WHAT IS REQUIRED — In the answer, every entry must appear exactly as given.

Stored items from a collection —
# # # # # # #

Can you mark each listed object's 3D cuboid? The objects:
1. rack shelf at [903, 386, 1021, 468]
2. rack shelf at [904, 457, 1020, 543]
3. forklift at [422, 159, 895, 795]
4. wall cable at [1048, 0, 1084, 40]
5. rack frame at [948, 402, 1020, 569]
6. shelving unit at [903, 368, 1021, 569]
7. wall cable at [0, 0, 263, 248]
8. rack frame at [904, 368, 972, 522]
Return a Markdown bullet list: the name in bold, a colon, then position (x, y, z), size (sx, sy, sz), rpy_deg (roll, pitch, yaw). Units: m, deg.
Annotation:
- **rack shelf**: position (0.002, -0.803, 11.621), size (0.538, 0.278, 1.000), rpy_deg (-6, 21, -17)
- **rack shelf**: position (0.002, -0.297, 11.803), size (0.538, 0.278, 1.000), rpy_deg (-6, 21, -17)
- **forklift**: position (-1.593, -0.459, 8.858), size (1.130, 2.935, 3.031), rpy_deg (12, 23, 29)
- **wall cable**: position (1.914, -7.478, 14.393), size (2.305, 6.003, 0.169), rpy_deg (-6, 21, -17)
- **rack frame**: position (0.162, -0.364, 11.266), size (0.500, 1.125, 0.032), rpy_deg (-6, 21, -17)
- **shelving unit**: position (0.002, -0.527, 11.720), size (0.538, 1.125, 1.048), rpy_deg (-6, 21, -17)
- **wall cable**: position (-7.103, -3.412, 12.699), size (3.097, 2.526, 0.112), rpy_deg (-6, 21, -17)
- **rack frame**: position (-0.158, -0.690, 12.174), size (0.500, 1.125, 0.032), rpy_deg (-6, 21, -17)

# # # # # # #

ANSWER BOX —
Can you mark each listed object's 3D cuboid? The objects:
1. rack shelf at [903, 386, 1021, 468]
2. rack shelf at [904, 457, 1020, 543]
3. forklift at [422, 159, 895, 795]
4. wall cable at [1048, 0, 1084, 40]
5. rack frame at [948, 402, 1020, 569]
6. shelving unit at [903, 368, 1021, 569]
7. wall cable at [0, 0, 263, 248]
8. rack frame at [904, 368, 972, 522]
Return a Markdown bullet list: the name in bold, a colon, then position (x, y, z), size (sx, sy, sz), rpy_deg (roll, pitch, yaw). Units: m, deg.
Annotation:
- **rack shelf**: position (0.002, -0.803, 11.621), size (0.538, 0.278, 1.000), rpy_deg (-6, 21, -17)
- **rack shelf**: position (0.002, -0.297, 11.803), size (0.538, 0.278, 1.000), rpy_deg (-6, 21, -17)
- **forklift**: position (-1.593, -0.459, 8.858), size (1.130, 2.935, 3.031), rpy_deg (12, 23, 29)
- **wall cable**: position (1.914, -7.478, 14.393), size (2.305, 6.003, 0.169), rpy_deg (-6, 21, -17)
- **rack frame**: position (0.162, -0.364, 11.266), size (0.500, 1.125, 0.032), rpy_deg (-6, 21, -17)
- **shelving unit**: position (0.002, -0.527, 11.720), size (0.538, 1.125, 1.048), rpy_deg (-6, 21, -17)
- **wall cable**: position (-7.103, -3.412, 12.699), size (3.097, 2.526, 0.112), rpy_deg (-6, 21, -17)
- **rack frame**: position (-0.158, -0.690, 12.174), size (0.500, 1.125, 0.032), rpy_deg (-6, 21, -17)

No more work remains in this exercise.